Habits for a healthy brain and body
In their book Eat to Save Your Life, retired university instructor Jerre Paquette and retired nurse Gloria Askew use scientific research to clear up the facts on nutrition and supplements. Here’s what they say students should be doing at minimum to stay healthy:
*Focus on the healthy fats, such as omega-3 fatty acids
“Essential fatty acids is one of the most important things in nutrition,” says Paquette. “I recommend a good omega-3 fish oil product.”

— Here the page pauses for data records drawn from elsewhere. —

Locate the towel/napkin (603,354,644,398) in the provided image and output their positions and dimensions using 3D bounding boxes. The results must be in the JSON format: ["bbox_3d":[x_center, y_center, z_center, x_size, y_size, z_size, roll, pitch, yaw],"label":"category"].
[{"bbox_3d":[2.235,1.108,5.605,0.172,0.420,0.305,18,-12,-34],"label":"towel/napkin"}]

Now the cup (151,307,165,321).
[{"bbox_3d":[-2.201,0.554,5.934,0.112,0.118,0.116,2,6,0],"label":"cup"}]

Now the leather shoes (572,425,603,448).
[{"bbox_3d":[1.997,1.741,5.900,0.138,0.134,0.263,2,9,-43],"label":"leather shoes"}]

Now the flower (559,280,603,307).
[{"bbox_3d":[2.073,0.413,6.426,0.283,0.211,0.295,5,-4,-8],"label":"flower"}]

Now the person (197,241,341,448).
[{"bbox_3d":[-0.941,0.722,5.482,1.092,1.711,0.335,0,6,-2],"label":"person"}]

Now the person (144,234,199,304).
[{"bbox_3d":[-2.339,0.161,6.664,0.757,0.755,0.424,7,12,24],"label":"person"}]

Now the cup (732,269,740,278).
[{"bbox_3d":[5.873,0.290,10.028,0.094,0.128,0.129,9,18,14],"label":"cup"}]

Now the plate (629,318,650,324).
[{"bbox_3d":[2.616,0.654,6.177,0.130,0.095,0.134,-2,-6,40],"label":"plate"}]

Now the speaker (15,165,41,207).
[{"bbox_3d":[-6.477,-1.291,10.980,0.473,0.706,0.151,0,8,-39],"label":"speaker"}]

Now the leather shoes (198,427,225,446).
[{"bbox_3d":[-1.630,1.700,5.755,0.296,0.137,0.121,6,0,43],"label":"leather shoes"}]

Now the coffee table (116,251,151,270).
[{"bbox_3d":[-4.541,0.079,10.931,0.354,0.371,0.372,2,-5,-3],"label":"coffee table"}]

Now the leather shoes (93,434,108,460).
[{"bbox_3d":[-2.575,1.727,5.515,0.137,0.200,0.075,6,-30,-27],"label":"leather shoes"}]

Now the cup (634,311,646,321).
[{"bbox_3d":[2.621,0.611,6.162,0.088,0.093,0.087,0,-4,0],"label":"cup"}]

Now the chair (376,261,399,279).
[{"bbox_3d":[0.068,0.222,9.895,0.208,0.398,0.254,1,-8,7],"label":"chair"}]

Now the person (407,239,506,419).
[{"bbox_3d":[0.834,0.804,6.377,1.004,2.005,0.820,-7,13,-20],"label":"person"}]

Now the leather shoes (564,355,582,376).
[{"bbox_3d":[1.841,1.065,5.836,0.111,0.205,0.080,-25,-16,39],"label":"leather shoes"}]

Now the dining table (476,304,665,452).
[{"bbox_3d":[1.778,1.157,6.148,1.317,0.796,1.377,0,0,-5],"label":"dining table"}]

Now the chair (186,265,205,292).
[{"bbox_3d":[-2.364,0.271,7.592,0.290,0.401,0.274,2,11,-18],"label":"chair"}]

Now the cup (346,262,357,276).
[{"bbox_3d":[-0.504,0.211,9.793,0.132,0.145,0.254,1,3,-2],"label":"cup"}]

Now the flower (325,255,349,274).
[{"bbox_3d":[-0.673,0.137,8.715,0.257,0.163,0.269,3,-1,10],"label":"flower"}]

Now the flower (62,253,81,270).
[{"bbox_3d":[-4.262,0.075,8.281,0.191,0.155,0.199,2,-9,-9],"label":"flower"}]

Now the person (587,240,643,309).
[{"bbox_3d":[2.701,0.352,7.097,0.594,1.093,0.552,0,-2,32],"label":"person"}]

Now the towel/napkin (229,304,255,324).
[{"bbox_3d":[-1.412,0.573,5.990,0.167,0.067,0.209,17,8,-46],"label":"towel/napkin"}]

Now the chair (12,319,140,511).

“That has such an impact on the brain, the neurotransmitters and lowering the inflammatory process in the brain,” says Askew. “Young people today are . . . focusing on deep-fried [foods] [and] trans fats. They create stiff membranes instead of flexible ones. Who needs a stiff membrane in the neurotransmitter of their brain?”
*Eat protein
“Protein is actually the building block of the neurotransmitters,” says Askew. “What about an egg? It’s high in cholesterol, which is really important for the brain.”
Paquette says, “I tell my students, before they go to bed, if they have a snack, it should be protein-based because the body requires the proteins to do all the repair work that sleep undertakes.”
*Get the right kind of sleep
Paquette recommends taking advantage of the “magic” that occurs during sleep, which is when everything we learn while awake is entrenched in the brain, according to some research.
He also says, “We now know if students follow nutritional practices and get about seven to nine hours of sleep, their performances on tests go up.”
*Breathe properly
“The first thing I notice when I walk into my classroom at 8:30 a.m. is that students are not breathing well. I know that sounds silly, but breathing is a big deal,” says Paquette. “The brain requires five times the amount of nutrients of anywhere else in the body. And [one] type of nutrient it requires is oxygen. The more you’re breathing deeply, the more you’re serving the performance of your brain.”
*Exercise throughout the day — but there’s no need to head to the gym if it’s mental health you’re worried about
“The best exercise is a long walk. You don’t have to go to the gym to optimize the ability of your brain,” says Paquette. He recommends at least
10 000 steps per day.
*Remove sugar from the diet
“I think [students] need to concentrate more on, ‘I’m not going to drink all this pop, I’m going to drink water. I’m going to have natural food. I’m going to have a banana.’ ”
*Take a good multivitamin and
mineral supplement
“[One] that is plant-based, not synthetic,” says Askew.
*Get your doctor to check your vitamin D levels
“Most people have a deficiency. We’re supposed to get it from the ultraviolet rays of the sun, but most of us today are not out enough to get that. I would recommend that you get a vitamin D3 product and start taking it, at least 3 000 IUs a day. It has a huge impact on mood, depression, on your bones and so many aspects of your body,” says Askew.
She adds, “Get one with vitamin K2 in it. [Until you’re 30 years old], you’re still literally forming bone mass, and K2 is critical to that.”